Every record that follows is to be copied exactly, with the pictures omitted.

==== Material provided ====

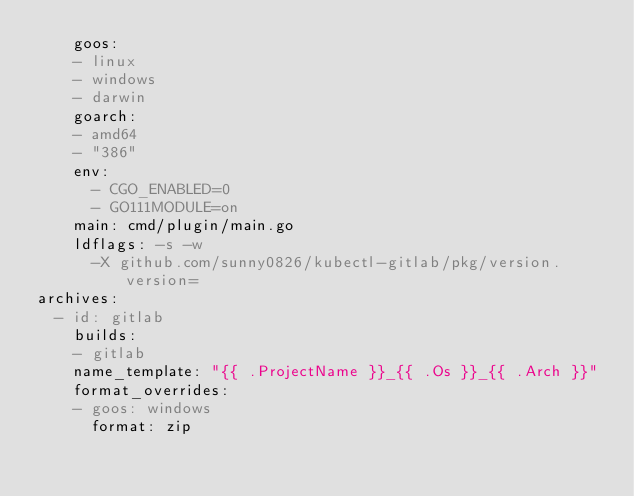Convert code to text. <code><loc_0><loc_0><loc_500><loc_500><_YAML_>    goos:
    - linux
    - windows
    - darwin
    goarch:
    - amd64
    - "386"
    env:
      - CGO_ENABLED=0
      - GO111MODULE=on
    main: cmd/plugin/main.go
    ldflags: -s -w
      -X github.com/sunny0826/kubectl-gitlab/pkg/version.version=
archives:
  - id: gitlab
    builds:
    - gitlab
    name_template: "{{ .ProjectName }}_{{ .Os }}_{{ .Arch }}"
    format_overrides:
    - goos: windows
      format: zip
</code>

====

◆ **Response**
Convert code to text. <code><loc_0><loc_0><loc_500><loc_500><_YAML_>    goos:
    - linux
    - windows
    - darwin
    goarch:
    - amd64
    - "386"
    env:
      - CGO_ENABLED=0
      - GO111MODULE=on
    main: cmd/plugin/main.go
    ldflags: -s -w
      -X github.com/sunny0826/kubectl-gitlab/pkg/version.version=
archives:
  - id: gitlab
    builds:
    - gitlab
    name_template: "{{ .ProjectName }}_{{ .Os }}_{{ .Arch }}"
    format_overrides:
    - goos: windows
      format: zip
</code>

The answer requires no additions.